Daniel Bennett

Two Poems


She talks about her days abroad:
Kyoto, and her journeys
out to ancient shrines, gingkos
unravelling over river water,
a spoiled affair with a painter
and a student she slept with
on the rebound, his dainty manners
and pudding bowl haircut.
Life catches at her in these moments
the flush of wine at her throat
the hangover of choices. Tonight
she talks about Mumbai. A later time,
but one when wide life
still offered itself with potential.
How, on her first day she had left
her boyfriend slumbering in their hotel,
and walked out into the streets
to be amongst the sellers of rice
and tamarind, the green ice cream
offered by the cup.
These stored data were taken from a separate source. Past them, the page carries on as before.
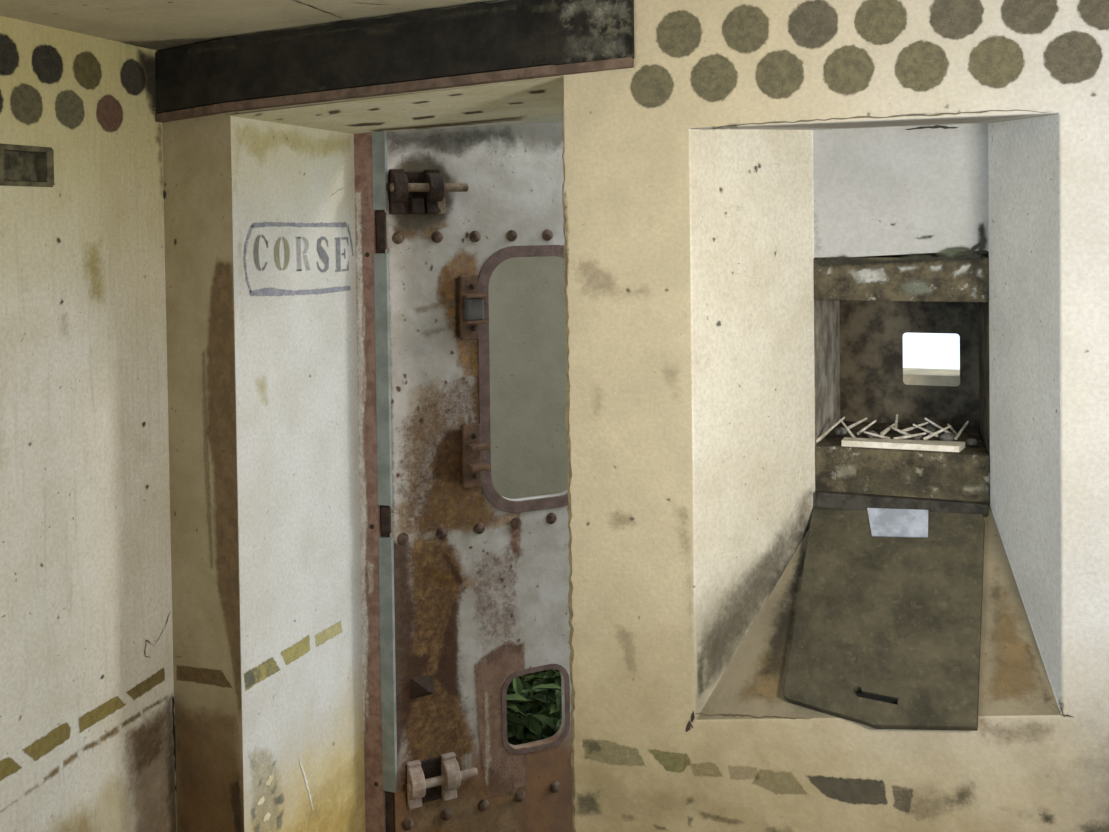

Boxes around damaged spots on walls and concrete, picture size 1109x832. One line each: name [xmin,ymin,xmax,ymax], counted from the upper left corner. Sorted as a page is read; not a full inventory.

corrosion [391,233,527,832]
leakage [698,514,809,696]
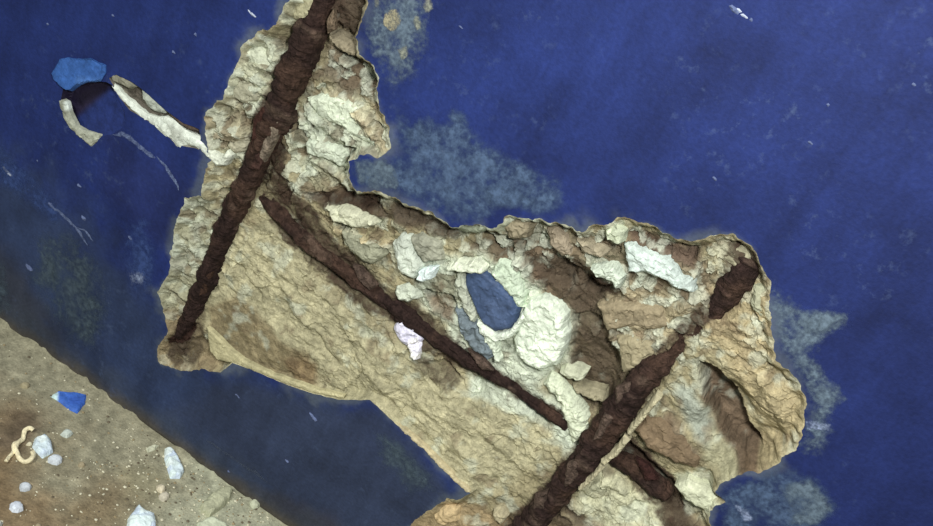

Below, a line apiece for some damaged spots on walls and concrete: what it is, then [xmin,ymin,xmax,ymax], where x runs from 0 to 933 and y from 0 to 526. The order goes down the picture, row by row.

peeling [51,57,125,147]
corrosion [168,0,569,431]
spalling [157,0,843,526]
corrosion [506,241,761,526]
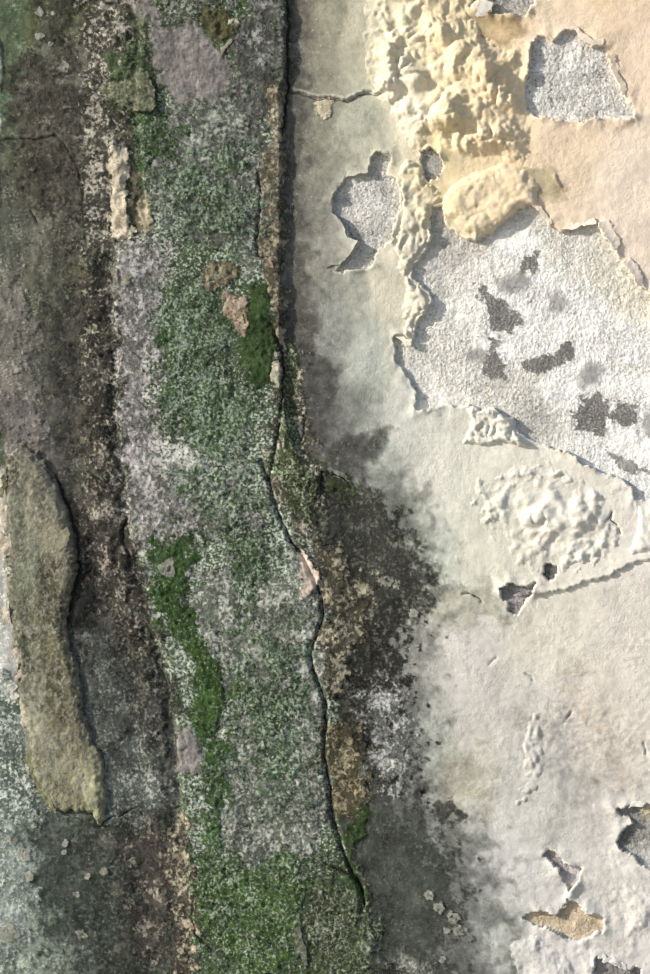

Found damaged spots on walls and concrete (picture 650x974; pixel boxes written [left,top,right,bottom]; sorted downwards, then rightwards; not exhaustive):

crack [281,0,378,135]
peeling [525,26,634,123]
crack [255,172,270,258]
peeling [318,153,401,273]
peeling [394,203,650,501]
crack [262,330,306,553]
crack [320,471,351,490]
water stain [272,22,516,974]
peeling [500,563,557,614]
crack [311,585,365,911]
peeling [617,801,650,868]
peeling [523,850,603,940]

A local man
had spied her, dazed as she was,
by jet lag and the experience,
and he had promised her chai,
the best she would ever taste.
She had allowed herself to be led
through back streets and alleys,
putting her faith in the adventure
in a way she now finds inconceivable.
The chai wallah had set up
beside an outdoor latrine, a line
of men staring over as they pissed.
The tea had brewed in a metal pot
for what might have been forever,
the steam of cardamon and cinnamon,
mingling with urine’s ammonia,
the even redness of it like river silt,
the dust beneath her feet.
Later, in an alley by Soho Square
she will turn and pull me
back towards her, kiss me,
and whisper promises of deeds
which so far are forbidden
and within the public expression
of these needs, I will think
of her walk from the strange hotel
the men at the latrine, the chai
which was the best she had ever tasted,
the boyfriend, even now, who sleeps.